The share issue costs of the Company directly attributable to the Placing that would otherwise have been avoided have been taken to the share premium account.
Dividend distribution to the Company's shareholders is recognised as a liability in the financial statements in the period in which the dividends are approved.
Cash and cash equivalents includes cash in hand, deposits held at call with banks, other short-term highly liquid investments with original maturities of three months or less, and bank overdrafts.
Interest expenses for borrowings are recognised within "finance costs" in the profit or loss using the effective interest rate method.
Financial assets that are stated at cost or amortised cost are reviewed at each reporting date to determine whether there is objective evidence of impairment.
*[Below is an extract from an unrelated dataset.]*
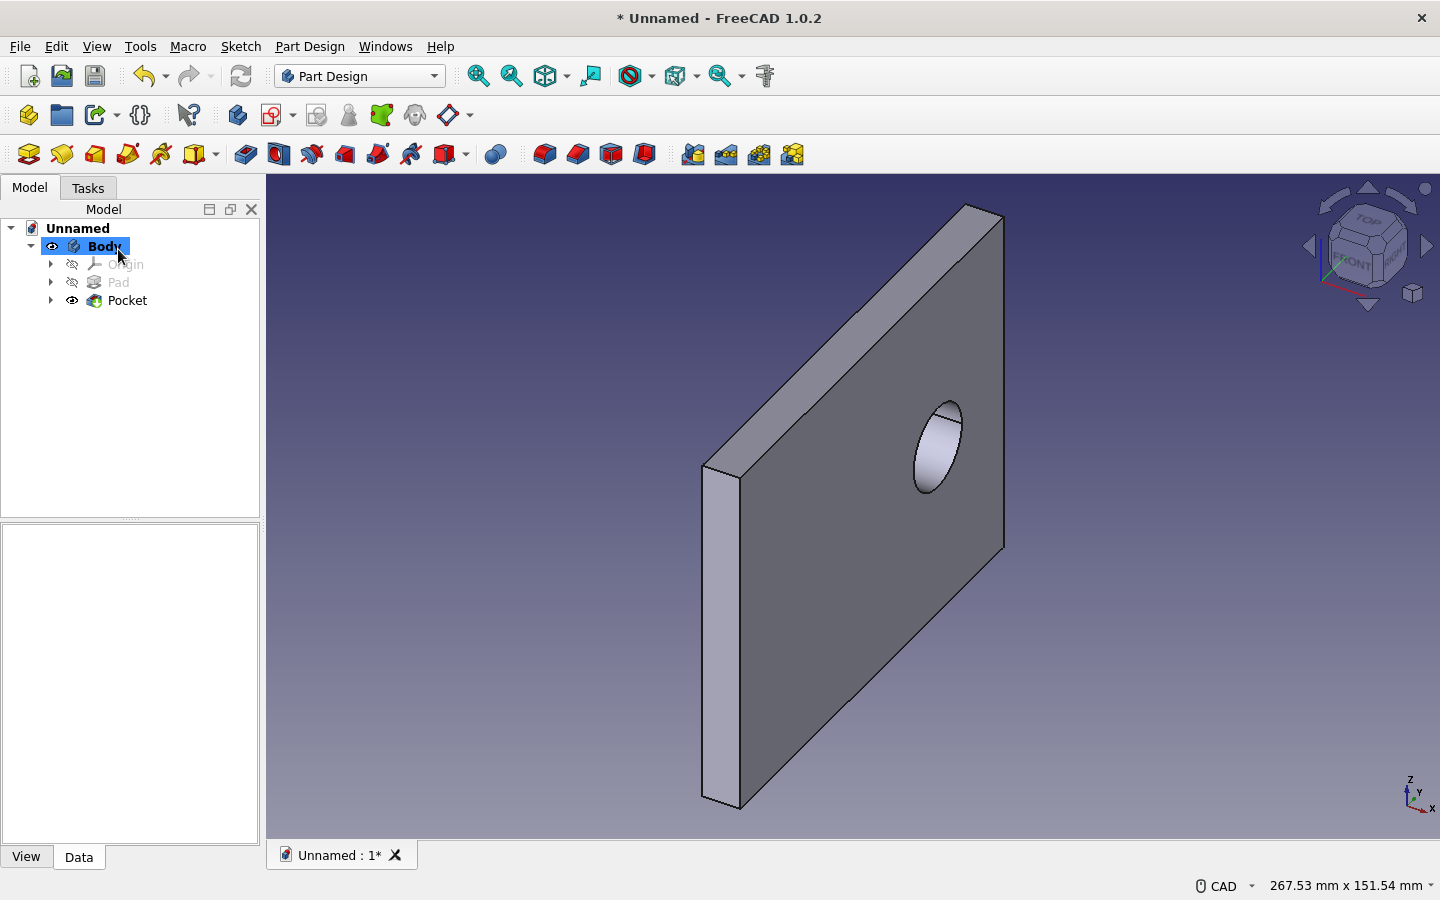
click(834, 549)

If any such indication exists, an impairment loss is recognised in the profit or loss as the difference between the asset's carrying amount and the present value of estimated future cash flows discounted at the financial asset's original effective interest rate.
There are no standards or interpretations with an effective date on or after 1 April 2016 that are likely to have a significant effect on the financial statements.
Capital management
The Group's objectives when managing capital are to safeguard the Group's ability to continue as a going concern in order to provide returns for shareholders and benefits for other stakeholders and to maintain an optimal capital structure to reduce the cost of capital.
In order to maintain or adjust the capital structure, the Group may adjust the amount of dividends paid to shareholders, return capital to shareholders, issue new shares, or sell assets to reduce debt.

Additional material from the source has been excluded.